Jon Carroll at the San Francisco Chronicle has had enough of the scandals involving the Exempt Media, especially those involving factual errors and inadequate sourcing. Does he take his fellow journalists to task for their shoddy and, in some cases, dishonest work? No — he’d rather tell the critics to shut up and listen regardless of whether reporters get the story right:
Look: Newspapers are a human enterprise run by fallible beings. Surgeons make mistakes; accountants make mistakes; journalists make mistakes. As Steven Winn pointed out last week, we apologize too darn much for making mistakes. Of course we’re sorry, but the quest for perfection is just that, a quest. We never get there. You never get there. We hate hate hate it when we get facts wrong, but we are actually after bigger game. …
The media are under attack because we try to find stuff out. We are under attack because we say what we believe to be true. (Even more annoyingly, we are protected by the Constitution.) We are a reality-based institution in a faith-based culture, and we are paying for it. Journalists die doing their jobs, which is more than you can say for lobbyists, TV commentators or corporate lawyers.
The problem is that we are fair-minded. We know that we make mistakes. We want to get better. The fair-minded have no chance against zealots. Zealots lie because the ends justify the means, and we say, “Oh, gosh, we’re going to investigate and strive and improve.” Are the zealots going to investigate and strive and improve? Of course not: They have an agenda, and the agenda does not include self-assessment. The zealots are working out of the Che Guevara handbook, friends.
The media are not under attack because they “find things out” — they’re under attack because all too often, they don’t bother to try to find things out, and instead print what they believe to be true. There’s nothing wrong with that in an editorial, but when journalists pass off their beliefs without any factual basis as “news”, it winds up misinforming the public.
Both Eason Jordan and Linda Foley probably really believe that the US military has orders somewhere to kill journalists in war zones. That doesn’t make it true — and it shouldn’t form the basis of allegations from news organizations or their management without substantiation.
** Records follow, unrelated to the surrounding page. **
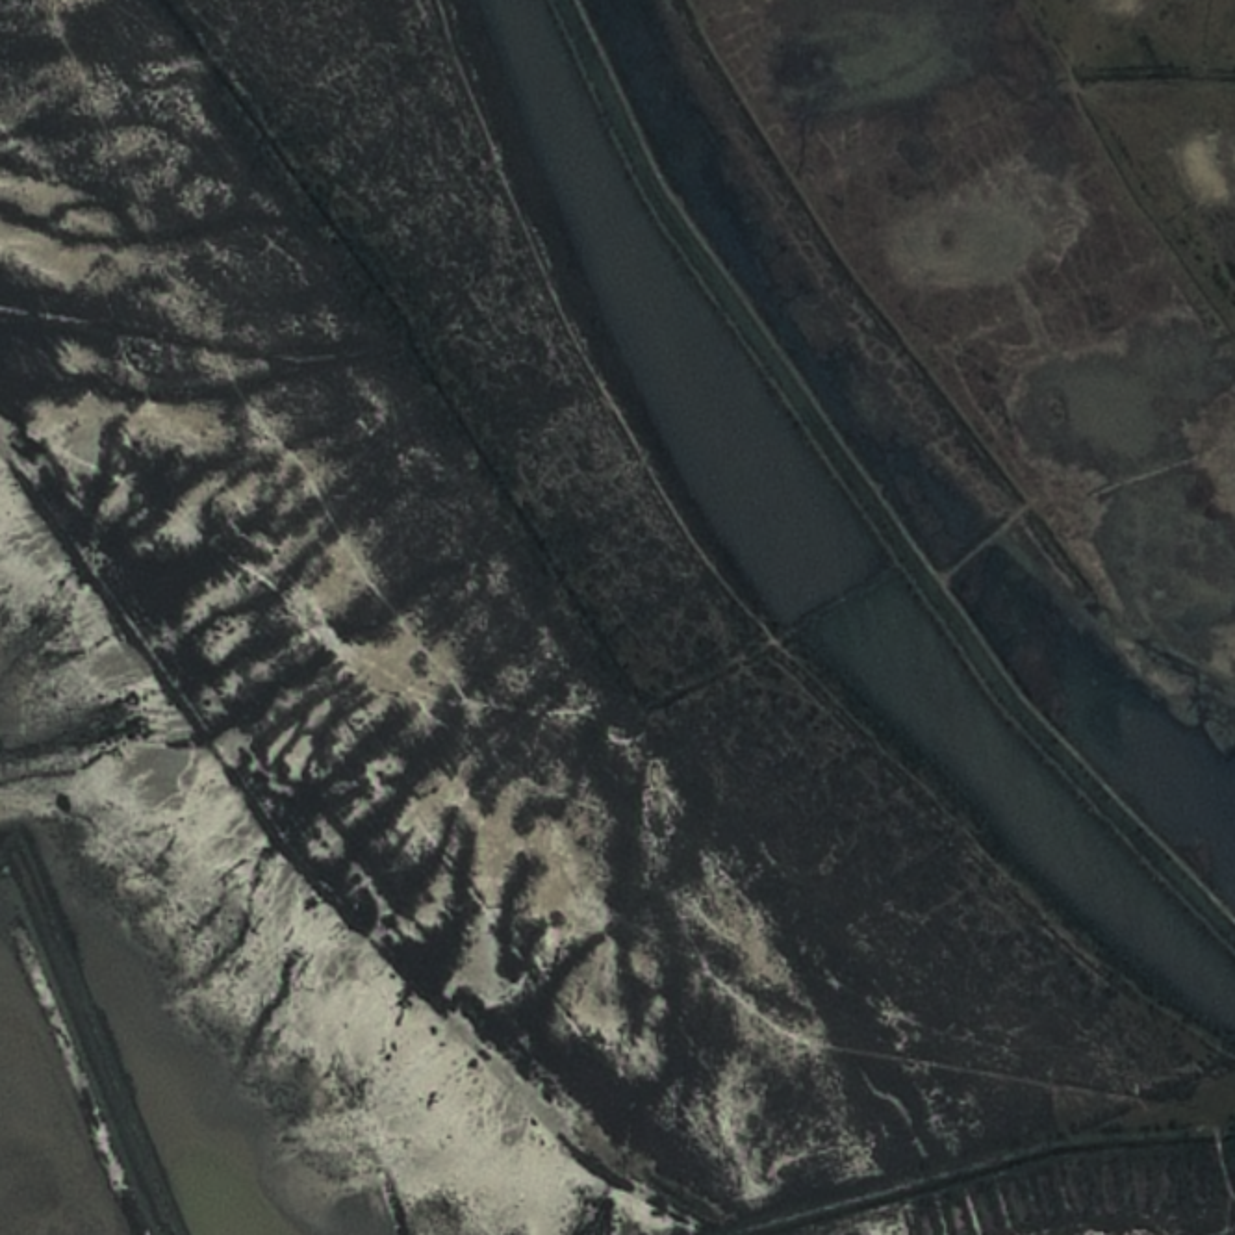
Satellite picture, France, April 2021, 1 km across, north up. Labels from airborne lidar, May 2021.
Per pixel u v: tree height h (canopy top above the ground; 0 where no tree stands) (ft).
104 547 0
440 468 0
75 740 0
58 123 0
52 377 0
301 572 0
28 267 0
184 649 0
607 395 0
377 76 0
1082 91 0
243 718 0
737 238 0
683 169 0
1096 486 0
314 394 0
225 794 0
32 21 0
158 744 0
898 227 0
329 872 0
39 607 0
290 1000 0
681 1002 0
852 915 0
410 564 0
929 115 0
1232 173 0
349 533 0
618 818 0
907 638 0
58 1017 0
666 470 0
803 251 0
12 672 0
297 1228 0
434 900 0
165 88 0
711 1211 0
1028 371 0
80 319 0
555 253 0
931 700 0
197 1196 0
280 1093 0
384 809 0
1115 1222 0
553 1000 0
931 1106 0
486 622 0
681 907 0
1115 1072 0
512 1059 0
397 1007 0
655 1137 0
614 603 0
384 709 0
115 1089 0
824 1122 0
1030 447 0
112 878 0
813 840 0
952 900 0
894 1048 0
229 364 0
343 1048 0
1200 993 0
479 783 0
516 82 0
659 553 0
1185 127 0
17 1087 0
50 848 0
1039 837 0
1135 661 0
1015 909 0
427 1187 0
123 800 0
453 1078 0
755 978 0
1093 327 0
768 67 0
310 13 0
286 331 0
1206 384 0
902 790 0
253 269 0
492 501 0
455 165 0
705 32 0
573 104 0
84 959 0
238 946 0
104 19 0
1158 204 0
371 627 0
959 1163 0
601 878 0
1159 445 0
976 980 0
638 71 0
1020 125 0
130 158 0
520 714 0
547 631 0
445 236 0
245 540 0
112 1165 0
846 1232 0
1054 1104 0
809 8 0
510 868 0
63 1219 0
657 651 0
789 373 0
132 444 0
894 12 0
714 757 0
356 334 0
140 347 0
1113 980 19
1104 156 0
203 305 0
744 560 0
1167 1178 0
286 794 0
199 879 0
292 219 0
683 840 0
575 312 0
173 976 0
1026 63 0
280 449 0
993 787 0
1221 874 0
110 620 0
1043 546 0
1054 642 0
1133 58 0
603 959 0
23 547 0
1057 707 0
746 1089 0
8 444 0
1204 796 0
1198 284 0
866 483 0
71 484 0
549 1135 0
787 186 0
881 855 0
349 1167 0
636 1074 0
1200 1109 0
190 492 0
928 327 0
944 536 0
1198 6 0
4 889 0
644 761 0
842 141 0
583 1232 0
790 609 0
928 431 0
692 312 0
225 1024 0
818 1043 0
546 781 0
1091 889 0
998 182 0
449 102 0
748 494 0
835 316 0
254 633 0
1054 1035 0
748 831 0
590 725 0
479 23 0
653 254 0
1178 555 0
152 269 0
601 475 0
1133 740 0
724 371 0
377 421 0
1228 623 0
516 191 0
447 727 0
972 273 0
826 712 0
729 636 0
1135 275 0
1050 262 0
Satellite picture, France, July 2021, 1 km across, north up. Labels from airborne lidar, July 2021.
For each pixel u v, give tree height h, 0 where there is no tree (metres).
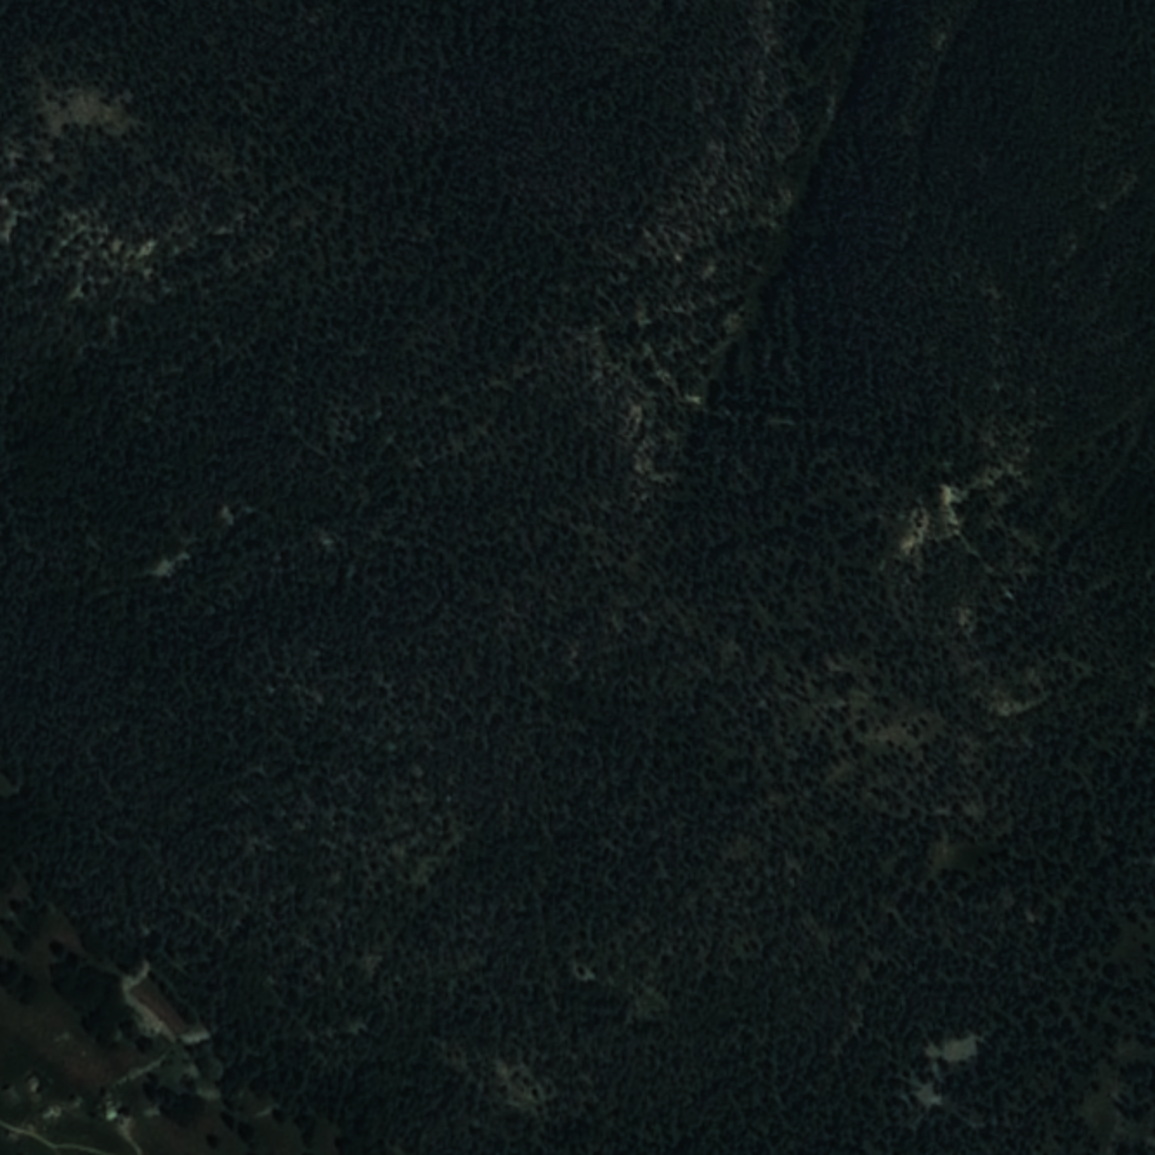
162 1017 0
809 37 7
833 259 15
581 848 15
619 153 19
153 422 15
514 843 16
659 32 15
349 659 11
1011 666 8
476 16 17
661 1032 22
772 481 17
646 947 7
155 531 17
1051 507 7
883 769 17
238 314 8
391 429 12
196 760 17
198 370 10
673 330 11
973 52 11
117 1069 0
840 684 10
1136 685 6
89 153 9
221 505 14
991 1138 20
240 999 17
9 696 15
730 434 16
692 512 13
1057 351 10
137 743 15
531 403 11
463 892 13
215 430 12
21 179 12
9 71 11
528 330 13
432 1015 12
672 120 16
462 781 10
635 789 19
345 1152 19
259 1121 0
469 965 9
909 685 17
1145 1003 16
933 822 14
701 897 14
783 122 9
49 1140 0
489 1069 7
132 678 15
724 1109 18
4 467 11
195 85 9
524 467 6
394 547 7
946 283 13
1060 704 13
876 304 13
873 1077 9
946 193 7
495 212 21
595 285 12
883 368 13
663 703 15
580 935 6
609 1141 14
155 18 19
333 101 23
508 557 10
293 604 12
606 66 17
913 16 20
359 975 12
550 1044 12
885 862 12
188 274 12
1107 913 7
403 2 10
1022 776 16
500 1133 21
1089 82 14
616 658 10
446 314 13
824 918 15
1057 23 8
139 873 16
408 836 11
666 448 10
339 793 12
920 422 20
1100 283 18
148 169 8
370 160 13
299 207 11
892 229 14
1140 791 15
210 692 13
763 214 7
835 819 17
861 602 13
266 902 15
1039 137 11
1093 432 11
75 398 9
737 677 12
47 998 0
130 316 7
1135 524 12
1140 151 13
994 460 7
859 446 10
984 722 8
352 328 11
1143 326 12
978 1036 14
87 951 14
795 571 12
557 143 20
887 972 17
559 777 9
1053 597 15
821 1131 12
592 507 11
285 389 13
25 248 10
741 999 20
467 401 13
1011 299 11
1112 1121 0
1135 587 10
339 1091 18
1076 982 12
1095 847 22
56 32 17
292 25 15
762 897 20
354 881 10
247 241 8
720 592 11
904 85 17
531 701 12
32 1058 0
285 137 7
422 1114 17
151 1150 0
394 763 12
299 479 12
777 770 12
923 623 6
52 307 13
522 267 21
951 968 10
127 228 7
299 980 22
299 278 12
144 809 11
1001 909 14
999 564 6
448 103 12
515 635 15
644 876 11
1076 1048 18
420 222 13
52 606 19
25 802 13
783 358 10
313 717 12
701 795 13
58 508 17
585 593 9
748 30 16
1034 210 9
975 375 9
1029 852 22
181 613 18
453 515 12
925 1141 14
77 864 21
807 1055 18
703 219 11
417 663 12
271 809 13

Carroll haughtily uses the death of journalists to out-flank critics who haven’t faced death, but wants to defend those journalistic critics of American servicemen who die in much greater numbers and percentages trying to defend civilian lives while attacking terrorists and armed enemies. The hypocrisy not only staggers the imagination, but sickens and disgusts as well.
Mary Mapes may have believed that the Killian memos were authentic, but that’s because they fit both her preconceived notions of George Bush’s TexANG service and her absolute lack of knowledge on military documents. Unlike the Eason Jordan and Linda Foley scandals, however, Mapes and CBS actually hired document examiners prior to publication, who told them not to use the memos — and they ignored the advice. Unlike Newsweek, who admitted their faulty report, CBS still claims that the Killian memos might eventually be authenticated despite the numerous typographic, format, and factual anachronisms their own document experts have identified.
In the end, Carroll’s screed amounts to this: we consumers of the Exempt Media have no business complaining about poor quality and deliberate deceptions perpetrated by its most celebrated members. While the media must be protected by the First Amendment at all times, any attempt by their customers to exercise freedom of speech by criticizing their performance amounts to “zealotry”, a conspiracy to destroy them by pointing out their flaws. How dare we question their work!
You really have to read the entire piece to believe it.